- Born: Emiliia Stepanivna Okhrymovych-Holubovska 30 May 1903 Lviv, Austria-Hungary (now Ukraine)
- Died: 3 October 1994 (aged 91) Karlovy Vary, Czech Republic
- Education: Oleksa Novakivskyi Art School

= Emiliia Okhrymovych-Holubovska =

Ukrainian artist (1903–1994)

	Emiliia Stepanivna Okhrymovych-Holubovska (Емілія Степанівна Охримович-Голубовська; 30 May 1903 – 3 October 1994) was a Ukrainian artist of decorative and applied arts.

==Biography==
Studied at the Oleksa Novakivskyi Art School. She lived in the artist's apartment with her husband, and after O. Novakivskyi's wife died, she was a tutor for his two sons.

She worked as an artist at the National Museum in Lviv (1927–1928). For 14 years, she collaborated anonymously with the editorial board of the women's magazine "Nova Khata" (from 1925), for which she created fashionable designs of clothing and embroidered items (hoops, napkins, pillows, etc.) in the Ukrainian national style. In her works, she creatively embodied the motifs of Ukrainian folk ornamentation.

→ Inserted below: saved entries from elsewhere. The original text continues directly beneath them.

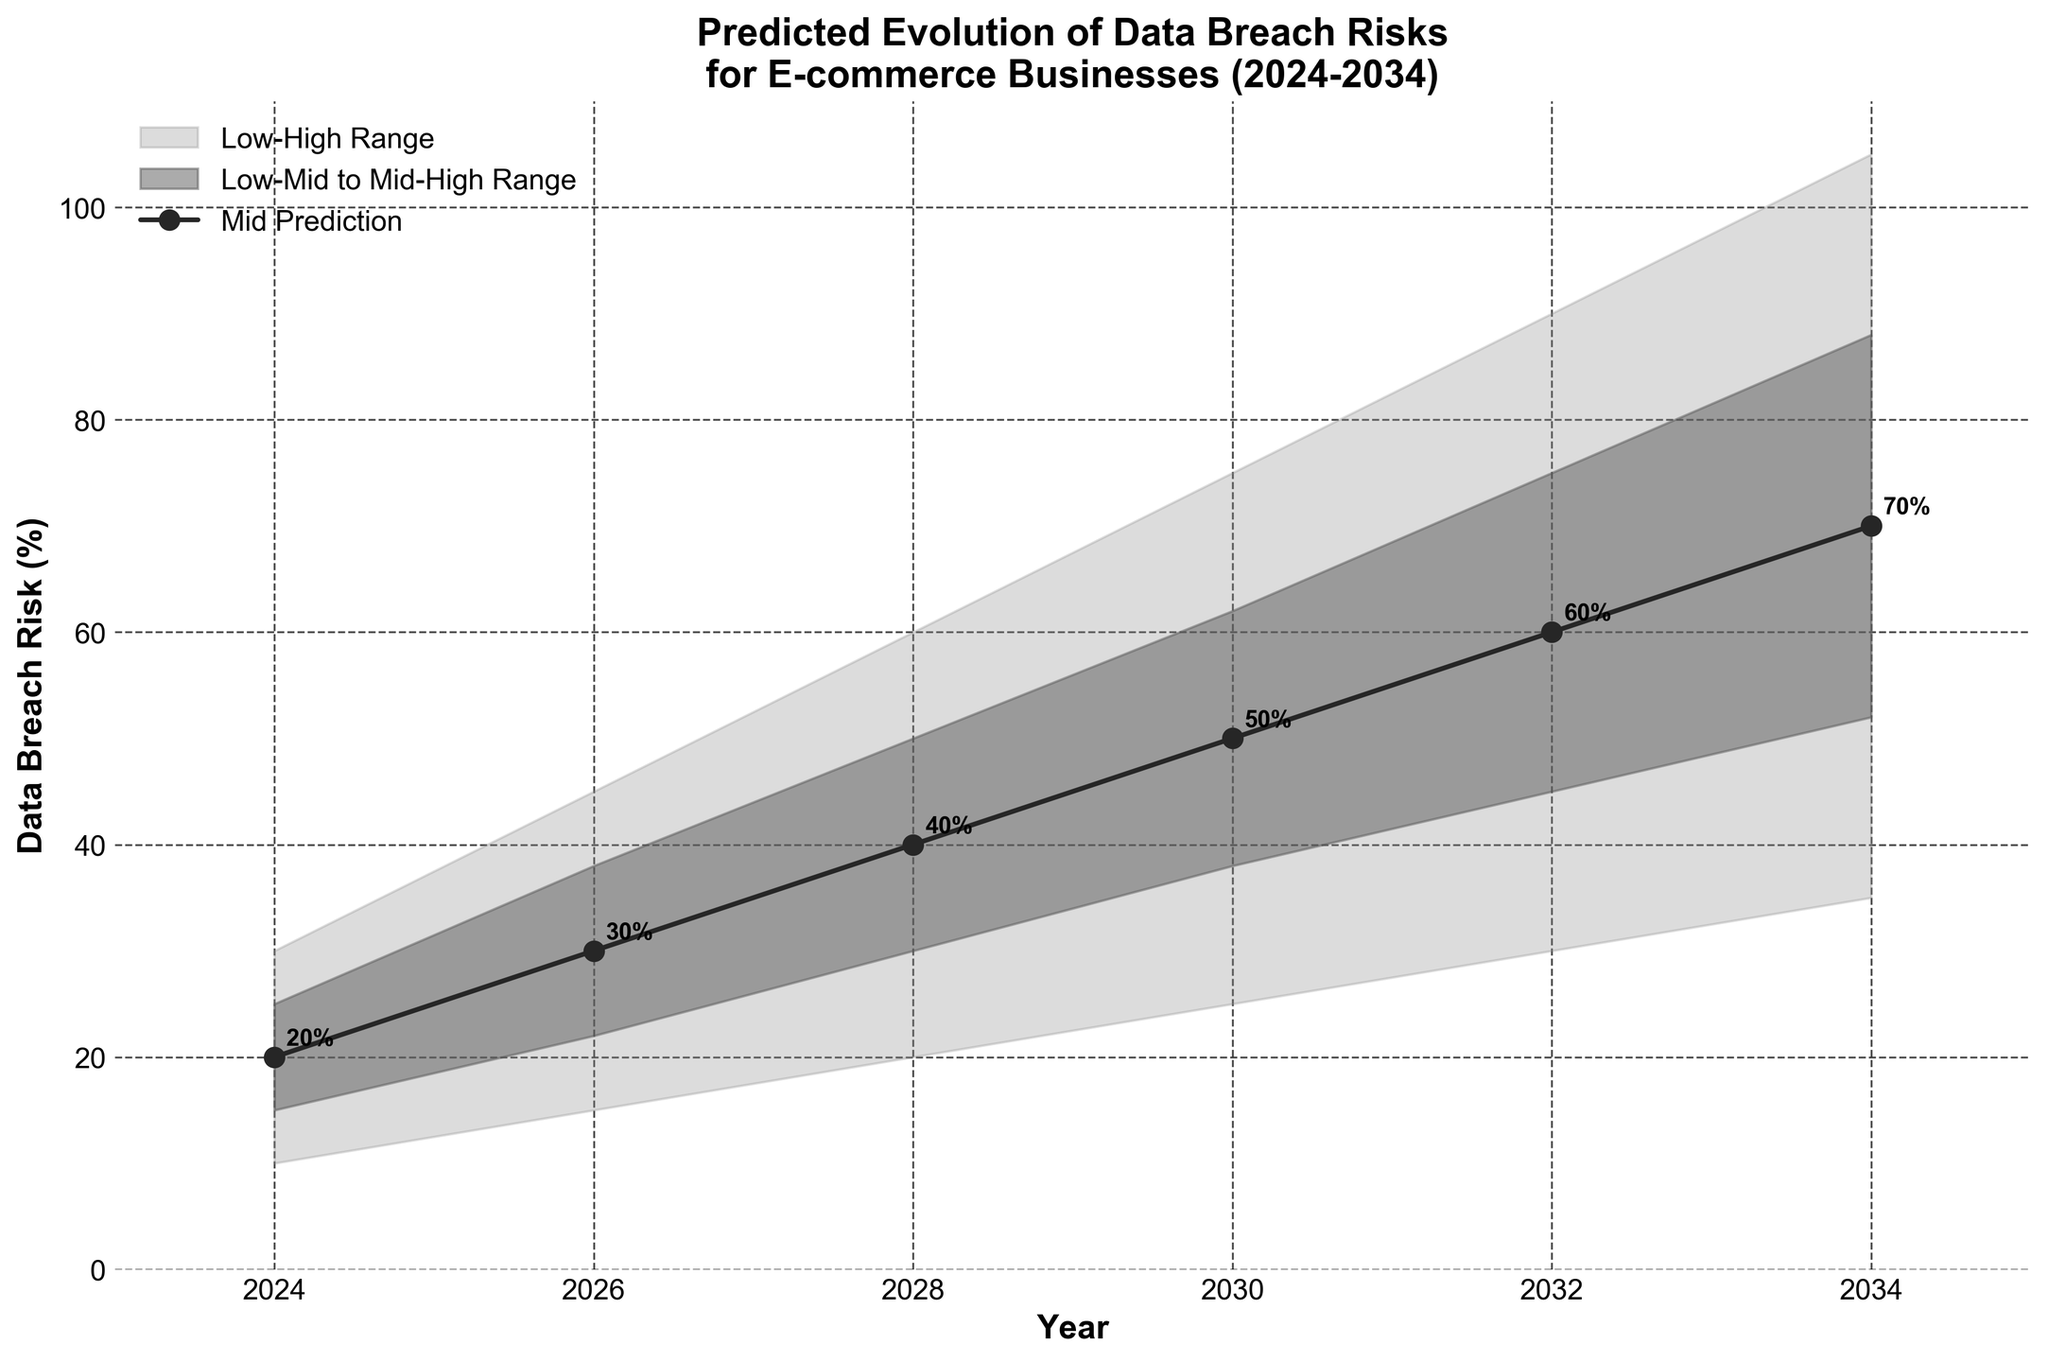What is the predicted mid-range data breach risk for e-commerce businesses in 2028? The mid-range prediction for 2028 is represented by the solid line with markers in the middle. The value for the year 2028 on this line is 40%.
Answer: 40% What is the range of data breach risks predicted for the year 2034? The range is represented by the shaded areas from Low to High. For 2034, the Low is 35% and the High is 105%.
Answer: 35% to 105% By how much does the mid-range prediction of data breach risk increase from 2026 to 2032? The mid-range prediction for 2026 is 30%, and for 2032, it is 60%. The increase is 60% - 30% = 30%.
Answer: 30% Which year shows the highest mid-range prediction for data breach risks and what is the value? The mid-range predictions are plotted as a line with markers. The highest value on this line is for the year 2034, at 70%.
Answer: 2034, 70% On average, how much does the low-end prediction of data breach risks increase every two years from 2024 to 2034? The low-end values are 10%, 15%, 20%, 25%, 30%, 35% for the years 2024, 2026, 2028, 2030, 2032, 2034, respectively. The total increase is 35%-10% = 25% over 10 years, so the average increase every two years is 25%/5 = 5%.
Answer: 5% How wide is the prediction interval (range between Low and High) for the year 2030? The Low prediction for 2030 is 25%, and the High is 75%. The width of the interval is 75% - 25% = 50%.
Answer: 50% By what factor does the high-end prediction of data breach risks increase from the year 2024 to 2034? The high-end predictions for 2024 and 2034 are 30% and 105%, respectively. The increase factor is 105% / 30% = 3.5.
Answer: 3.5 Compare the growth rate of low-end predictions to high-end predictions from 2028 to 2034. The low-end prediction increases from 20% in 2028 to 35% in 2034, an increase of 15%. The high-end prediction increases from 60% in 2028 to 105% in 2034, an increase of 45%. The growth rates can be compared by dividing these differences by the 2028 values: (15% / 20%) vs. (45% / 60%). The growth rates are 0.75 and 0.75, respectively.
Answer: Equal growth rates of 0.75 How does the predicted mid-range of data breach risk change from 2026 to 2028 and from 2032 to 2034? From 2026 to 2028, the mid-range prediction increases from 30% to 40%, a change of 10%. From 2032 to 2034, it increases from 60% to 70%, a change of 10%.
Answer: 10% and 10% What is the difference between the mid-high and low-mid predictions for the year 2030? The mid-high prediction for 2030 is 62% and the low-mid prediction is 38%. The difference is 62% - 38% = 24%.
Answer: 24% 
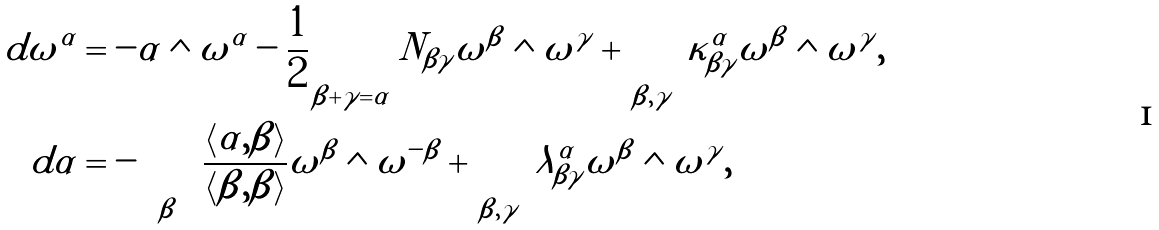<formula> <loc_0><loc_0><loc_500><loc_500>d \omega ^ { \alpha } & = - \alpha \wedge \omega ^ { \alpha } - \frac { 1 } { 2 } \sum _ { \beta + \gamma = \alpha } N _ { \beta \gamma } \omega ^ { \beta } \wedge \omega ^ { \gamma } + \sum _ { \beta , \gamma } \kappa ^ { \alpha } _ { \beta \gamma } \omega ^ { \beta } \wedge \omega ^ { \gamma } , \\ d \alpha & = - \sum _ { \beta } \frac { \left < \alpha , \beta \right > } { \left < \beta , \beta \right > } \omega ^ { \beta } \wedge \omega ^ { - \beta } + \sum _ { \beta , \gamma } \lambda ^ { \alpha } _ { \beta \gamma } \omega ^ { \beta } \wedge \omega ^ { \gamma } ,</formula>

From the 1940s she lived in Germany; in 1945 she lived in Vejprty (Czechoslovakia). She kept part of her father's archive and the archive of Stanislav Dnistrianskyi.

Died on 3 October 1994 in Karlovy Vary (Czech Republic). In 2001 she was reburied in Lviv.

Daughter of Stepan Rudnytskyi, wife of Ivan Okhrymovych.